Tight junctions are primarily a diffusion barrier. This function can hold back molecules entirely from the intracellular space or be associated with a selective permeability (semipermeability) for molecules of a certain size. The network of tight junctions, through its function as a diffusion barrier, is the prerequisite for transcytosis. The paracellular diffusion of molecules or ions through the epithelial space is prevented by the tight junctions.At the same time, the end strips keep body fluids from flowing out.
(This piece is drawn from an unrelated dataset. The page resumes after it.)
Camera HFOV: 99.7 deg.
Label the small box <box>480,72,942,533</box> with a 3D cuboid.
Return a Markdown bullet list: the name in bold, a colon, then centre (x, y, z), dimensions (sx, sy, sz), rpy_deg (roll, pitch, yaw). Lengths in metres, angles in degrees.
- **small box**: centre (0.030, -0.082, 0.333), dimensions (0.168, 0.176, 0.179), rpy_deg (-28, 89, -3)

The membrane proteins of the tight junctions also protect the organism from invading microorganisms and thus also form a barrier for living intruders. In addition to the barrier function, tight junctions also have a so-called fence function. The protein network prevents the movement of individual membrane components and thus maintains the cell polarity of the epithelium. The epithelium is divided into apical and basal areas by the networks. The apical cell membrane of the epithelium has a different biochemistry than the basolateral cell membrane. The tight junctions help to maintain these biochemical milieu differences and thereby enable a directed transport of substances.
Mechanical functions are added to these functions. For example, tight junctions also serve to stabilize epithelial cell assemblies. They connect the cells of the cytoskeleton with each other and ensure the tissue statics of the epithelium. The permeability between the epithelial cells is subject to temporary changes. The epithelium is thus able to react to increased paracellular transport requirements. To this end, the claudins and occludins of the "tight junctions" associate with the intracellular membrane proteins that connect to the actin cytoskeleton.
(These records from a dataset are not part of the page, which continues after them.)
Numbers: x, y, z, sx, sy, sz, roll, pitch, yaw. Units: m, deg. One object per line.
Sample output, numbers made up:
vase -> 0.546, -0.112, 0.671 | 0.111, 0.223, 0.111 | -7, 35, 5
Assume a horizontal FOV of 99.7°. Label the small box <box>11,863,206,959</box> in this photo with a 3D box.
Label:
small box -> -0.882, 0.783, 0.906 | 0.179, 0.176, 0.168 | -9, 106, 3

The tight junctions can be subject to changes in structure due to mutations and thus lose their functions. The claudin 16 of the protein networks in the kidney epithelium is not present in the required form after mutations in the protein-coding gene. Such mutations can result in a loss of Mg2 +.
Because of the loss of the barrier function, too few Mg2 + ions are absorbed from the kidneys into the blood and too many are excreted with the urine. Diseases can also affect the "zonula occludens". This is especially true of the brain. The blood-brain barrier is a natural diffusion barrier between the blood and the brain that maintains the brain's milieu. Disorders of the blood-brain barrier occur, for example, in the context of multiple sclerosis. However, diseases such as diabetes mellitus can also disrupt the blood-brain barrier. The protective effect of the barrier is also lost with various brain injuries and degenerative diseases.
In multiple sclerosis, it is the recurring inflammation of the brain that has a harmful effect on the tight junctions. The cells of the body's own immune defense overcome the blood-brain barrier as part of the autoimmune disease. In an ischemic stroke, components of the tight junctions within the blood-brain barrier are even broken down. This type of stroke is accompanied by an emptiness in the brain, which is then refilled with blood. The endothelia of the blood-brain barrier change in two phases.
Since oxidants, proteolytic enzymes and cytokines are released by the pathological process, the permeability of the blood-brain barrier changes. Edema develops in the brain. Activated leukocytes then release so-called matrix metalloproteases, which lead to the breakdown of the basal lamina and protein complexes in the tight junctions.